Les deux. Le secteur minier est assez particulier : il existe une pénurie mondiale de professionnels qualifiés, et une grande partie de cette main-d’œuvre est vieillissante. Nous adoptons donc une approche duale : attirer des experts internationaux tout en transférant leurs connaissances et en développant nos propres compétences locales au sein du royaume. Nos décennies d’expérience dans le pétrole, le gaz, la pétrochimie et la chimie nous donnent une base très solide. Ces industries nous apportent un avantage considérable pour développer le potentiel minier, car elles mobilisent des compétences d’ingénierie, de logistique et techniques similaires. Nous renforçons nos efforts de formation et de développement des compétences à travers plusieurs programmes académiques et professionnels. Par exemple, nous avons lancé un programme de sciences et d’ingénierie minières à la King Fahd University of Petroleum and Minerals, l’une de nos institutions les plus prestigieuses, afin de former la nouvelle génération de géologues et d’ingénieurs miniers. Nous disposons également du Saudi Mining Polytechnic, qui rencontre un grand succès et diplôme chaque année des centaines d’étudiants.

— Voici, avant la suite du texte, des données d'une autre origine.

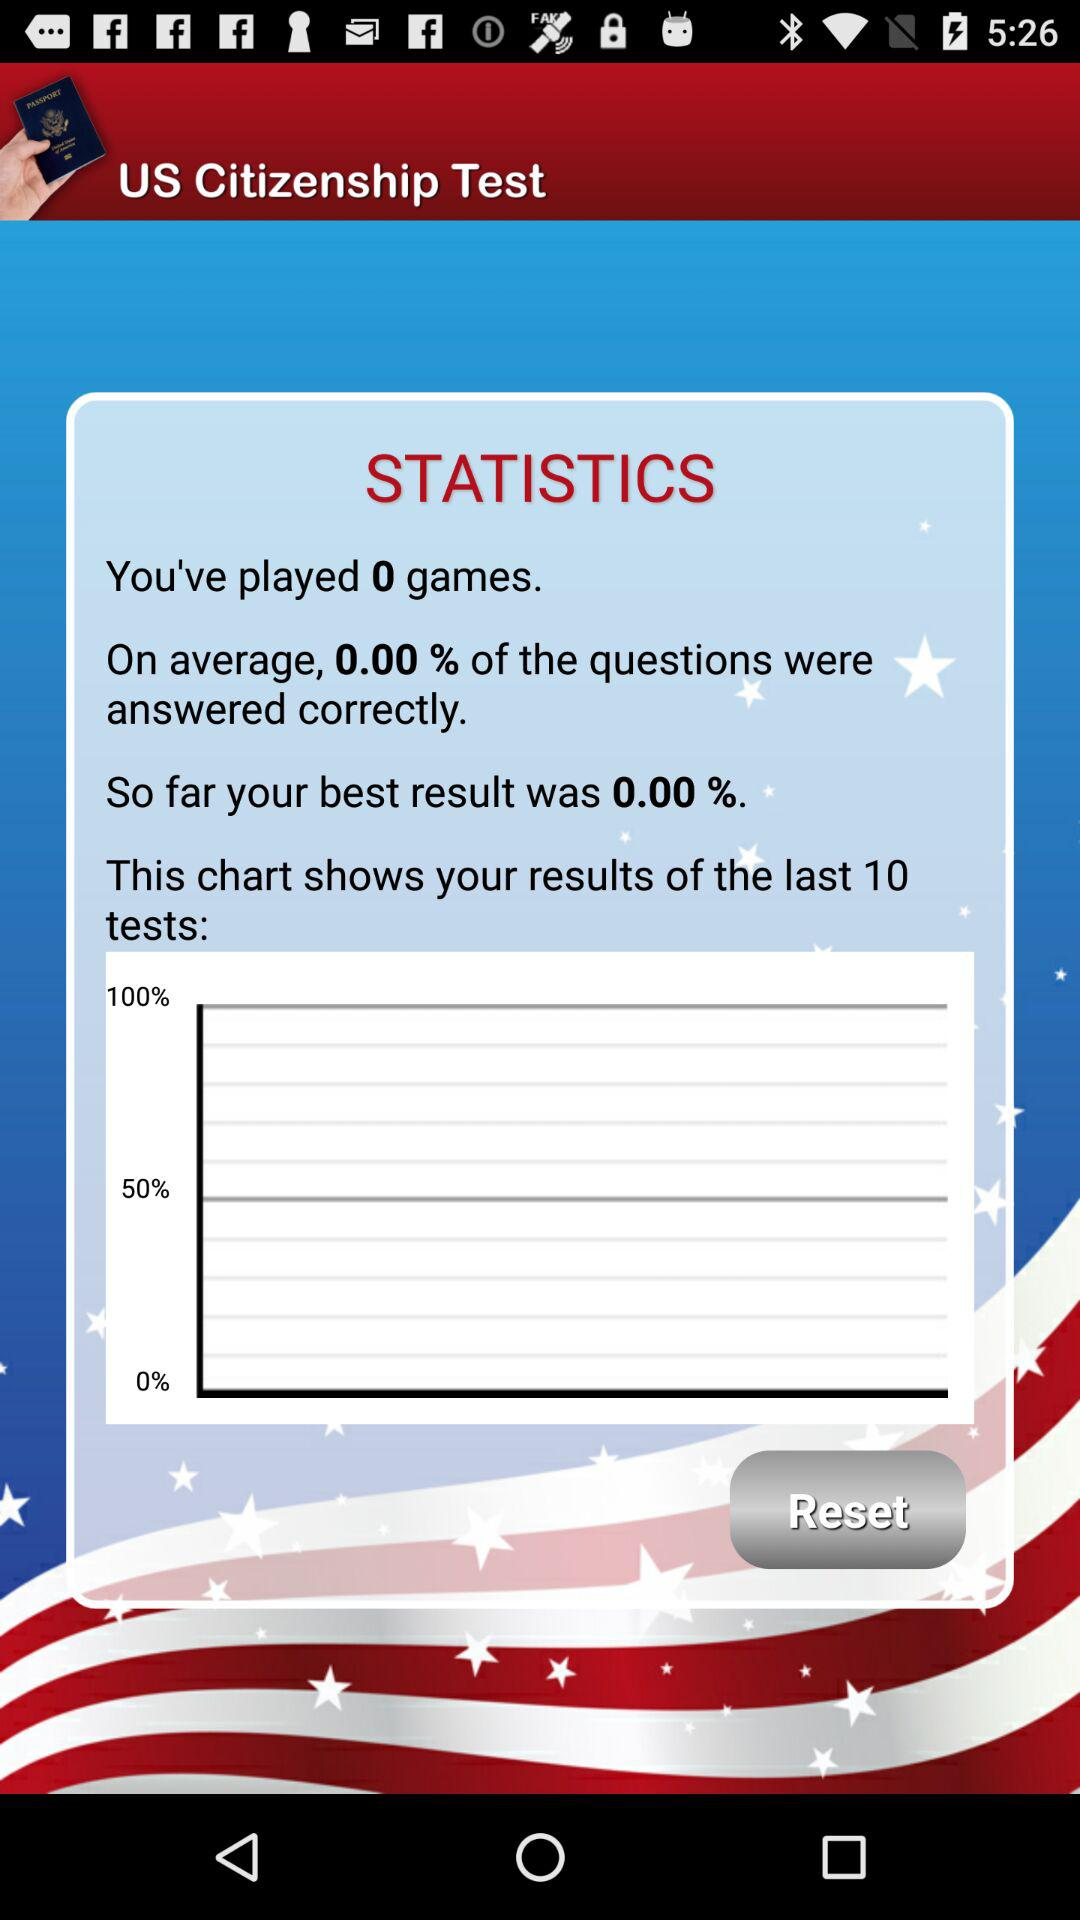How many previous test results does the chart shows? The chart shows 10 previous results. 
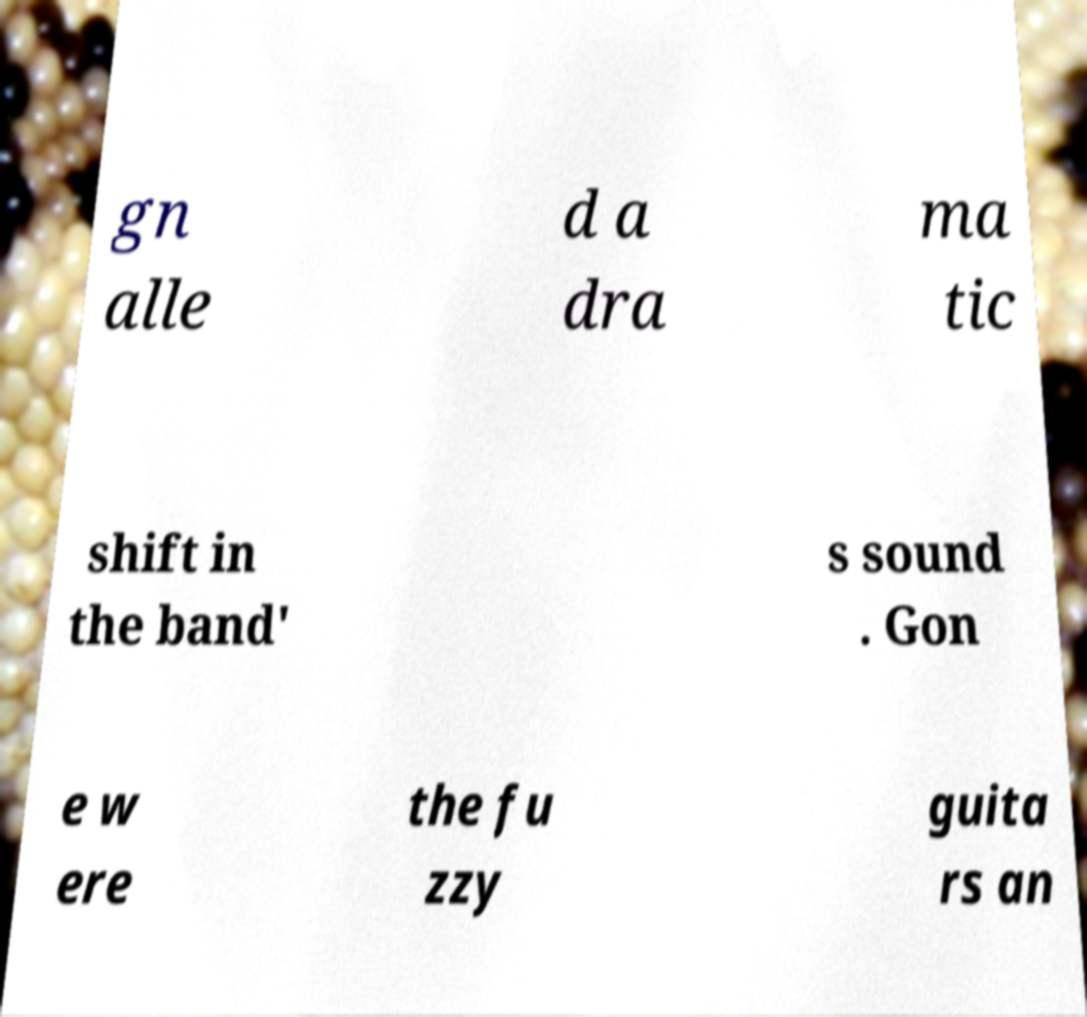For documentation purposes, I need the text within this image transcribed. Could you provide that? gn alle d a dra ma tic shift in the band' s sound . Gon e w ere the fu zzy guita rs an 
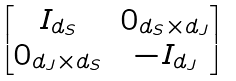Convert formula to latex. <formula><loc_0><loc_0><loc_500><loc_500>\begin{bmatrix} I _ { d _ { S } } & 0 _ { d _ { S } \times d _ { J } } \\ 0 _ { d _ { J } \times d _ { S } } & - I _ { d _ { J } } \end{bmatrix}</formula> 
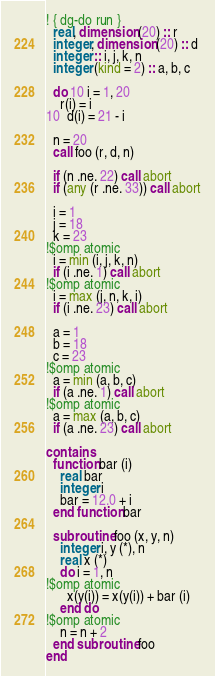Convert code to text. <code><loc_0><loc_0><loc_500><loc_500><_FORTRAN_>! { dg-do run }
  real, dimension (20) :: r
  integer, dimension (20) :: d
  integer :: i, j, k, n
  integer (kind = 2) :: a, b, c

  do 10 i = 1, 20
    r(i) = i
10  d(i) = 21 - i

  n = 20
  call foo (r, d, n)

  if (n .ne. 22) call abort
  if (any (r .ne. 33)) call abort

  i = 1
  j = 18
  k = 23
!$omp atomic
  i = min (i, j, k, n)
  if (i .ne. 1) call abort
!$omp atomic
  i = max (j, n, k, i)
  if (i .ne. 23) call abort

  a = 1
  b = 18
  c = 23
!$omp atomic
  a = min (a, b, c)
  if (a .ne. 1) call abort
!$omp atomic
  a = max (a, b, c)
  if (a .ne. 23) call abort

contains
  function bar (i)
    real bar
    integer i
    bar = 12.0 + i
  end function bar

  subroutine foo (x, y, n)
    integer i, y (*), n
    real x (*)
    do i = 1, n
!$omp atomic
      x(y(i)) = x(y(i)) + bar (i)
    end do
!$omp atomic
    n = n + 2
  end subroutine foo
end
</code> 
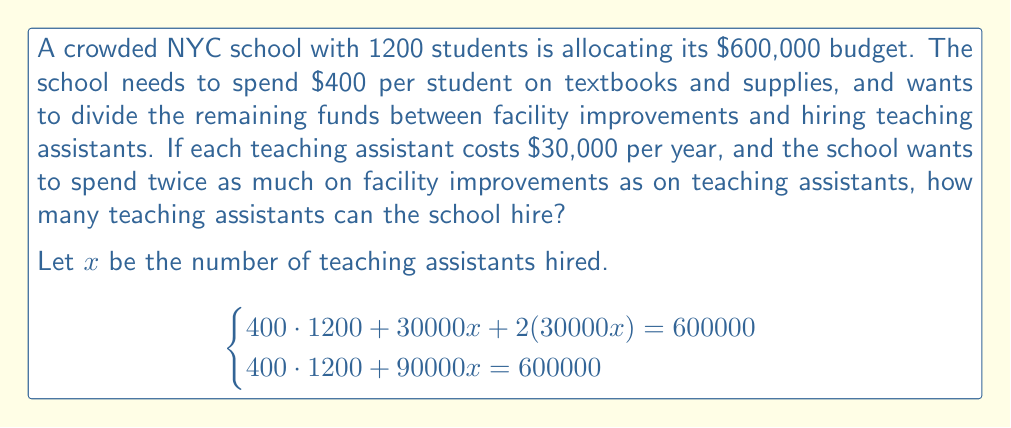Can you answer this question? 1. Calculate the cost of textbooks and supplies:
   $400 \cdot 1200 = 480000$

2. Set up the equation:
   $480000 + 90000x = 600000$

3. Subtract 480000 from both sides:
   $90000x = 120000$

4. Divide both sides by 90000:
   $x = \frac{120000}{90000} = \frac{4}{3} = 1.33333...$

5. Since we can't hire a fractional number of teaching assistants, we round down to the nearest whole number.

Therefore, the school can hire 1 teaching assistant.
Answer: 1 teaching assistant 
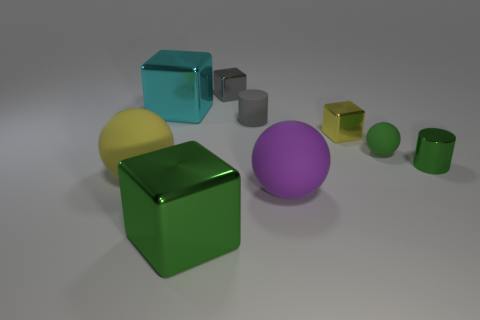Add 1 big green things. How many objects exist? 10 Subtract all blocks. How many objects are left? 5 Subtract 0 brown blocks. How many objects are left? 9 Subtract all small cyan metallic cylinders. Subtract all big metallic blocks. How many objects are left? 7 Add 6 big yellow balls. How many big yellow balls are left? 7 Add 9 gray rubber cylinders. How many gray rubber cylinders exist? 10 
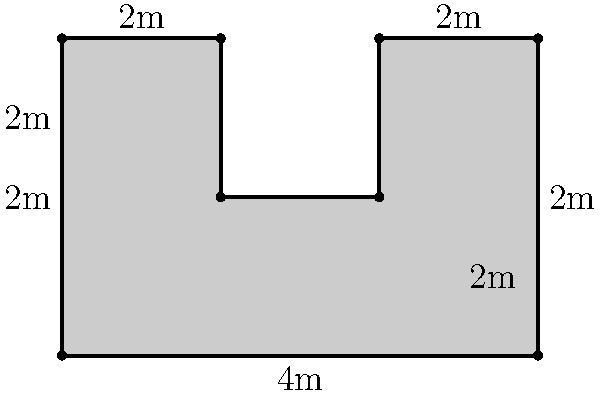Yo, check it! You're planning a sick graffiti mural for your next hip-hop event. The wall has some irregular shapes, as shown in the diagram. What's the perimeter of this dope mural space in meters? Let's break it down step by step:

1) Start from the bottom left corner and move clockwise:
   
   - Bottom edge: $4m + 2m = 6m$
   - Right edge: $2m + 2m = 4m$
   - Top edge: $2m + 2m + 2m = 6m$
   - Left edge: $4m$

2) Now, we need to add the internal edges:
   
   - Left internal vertical edge: $2m$
   - Right internal vertical edge: $2m$

3) Sum up all these lengths:

   $$(6m + 4m + 6m + 4m) + (2m + 2m) = 20m + 4m = 24m$$

Therefore, the total perimeter of the mural space is $24$ meters.
Answer: $24m$

Où en est le projet de Bourse saoudienne des métaux ?
La Bourse des matières premières, ou Bourse des métaux, fait partie des initiatives à fort potentiel que nous étudions. Le projet est encore en phase de conception, mais nous voyons un fort avantage compétitif pour l’Arabie saoudite à introduire un nouveau modèle innovant de commerce de matières premières, fondé sur la stabilité, la transparence et la confiance des investisseurs.
Le développement durable et l’acceptabilité sont-ils des critères importants pour le royaume ?
Bien sûr. Nous intégrons la responsabilité et la durabilité à toutes les étapes du développement, de l’exploration à l’extraction, jusqu’au traitement des minerais. Par exemple, notre nouvelle loi sur l’investissement minier impose des normes ESG strictes, rend obligatoire la concertation avec les communautés locales et exige une réhabilitation environnementale complète de la part de chaque investisseur, aussi bien pour l’exploration que pour l’exploitation et le raffinage.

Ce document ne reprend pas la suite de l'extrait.